‘Can the university stand for peace?’ Omar Khadr, Higher Education and the Question of Hospitality

February 10, 2017

David Clark

Friday, February 10, 6:00PM–8:00PM, Room 7000, SFU Harbour Centre

Sponsored by SFU's Institute for the Humanities, Centre for Policy Studies on Culture and Communities (CPCC), & Centre for the Comparative Study of Muslim Societies and Cultures (CCSMSC)

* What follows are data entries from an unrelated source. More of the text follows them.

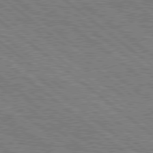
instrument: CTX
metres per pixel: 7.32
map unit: Hpe
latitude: 78.6869
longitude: -120.6302
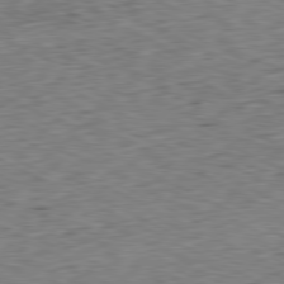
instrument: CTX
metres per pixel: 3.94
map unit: Ap
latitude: -80.7841
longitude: -71.9717
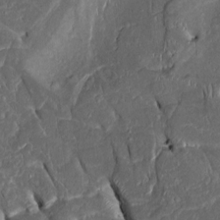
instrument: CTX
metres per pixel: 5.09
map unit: Htu
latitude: -1.3888
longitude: 149.5022
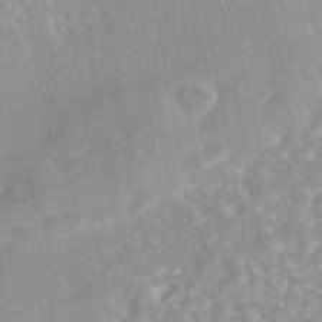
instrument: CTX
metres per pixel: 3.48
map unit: eAb
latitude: 44.5923
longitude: 106.3118
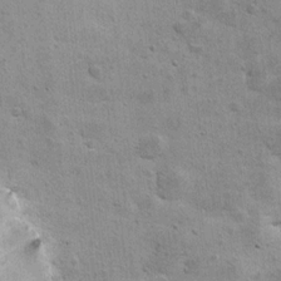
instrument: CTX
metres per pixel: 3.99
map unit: Hto
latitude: 11.4427
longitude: -36.9702
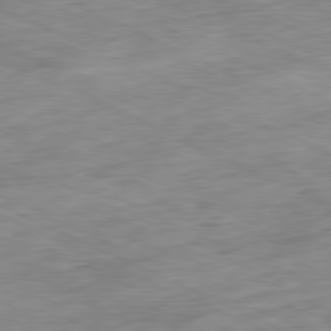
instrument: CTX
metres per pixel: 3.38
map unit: Ap
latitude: -81.0865
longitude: -87.3293
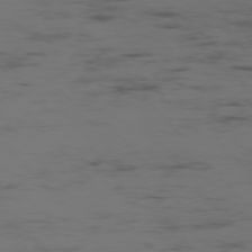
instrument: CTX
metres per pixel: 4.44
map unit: Ap
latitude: -76.3117
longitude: -83.3859
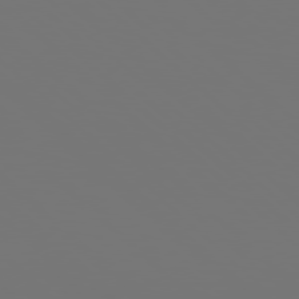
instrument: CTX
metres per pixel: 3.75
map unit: Hpe
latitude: 77.7071
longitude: -177.3859
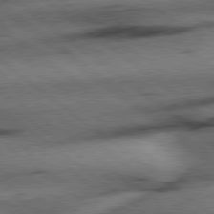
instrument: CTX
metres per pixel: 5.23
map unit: Hpe
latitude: 78.6113
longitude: -154.6868
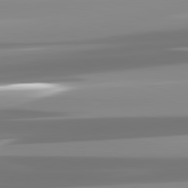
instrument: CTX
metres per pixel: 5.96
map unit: lApd
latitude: 82.0633
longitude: -138.3656
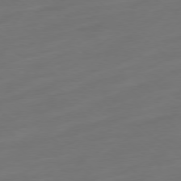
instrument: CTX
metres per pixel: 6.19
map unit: Ap
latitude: -78.8975
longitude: -67.8961
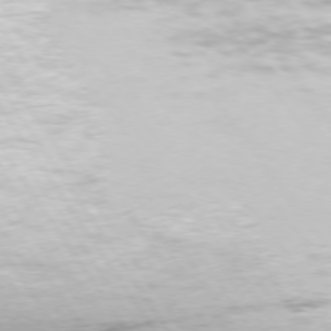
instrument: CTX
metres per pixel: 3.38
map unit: Hpe
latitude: 74.0255
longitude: -123.9339
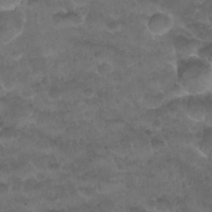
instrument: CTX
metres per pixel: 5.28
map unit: Nhu
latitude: 26.8569
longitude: -53.4805

The extra-legal incarceration and torture of the Canadian citizen and former child-soldier, Omar Khadr, stands as an indictment of the nation’s myth of itself as a haven of peace, order and good government. As Senator Romeo Dallaire memorably said in the Senate Chamber in 2012, the treatment of Omar Khadr “taints this government, as well as this country and all of its citizens.” What is the responsibility of the Canadian university—the Canadian public university—in the case of Omar Khadr and, more broadly, in the perilous labour of affirming peaceableness, reconciliation and humane understanding? How might university senior administrators be encouraged to join students in improvising a public sphere whose objective is the robust critique of militarism and analogously toxic forms of belonging? David L. Clark shares his experiences in the struggle to answer these questions, which now seem more pressing than ever. After Susan Searls Giroux, he asks: “Can the university stand for peace?”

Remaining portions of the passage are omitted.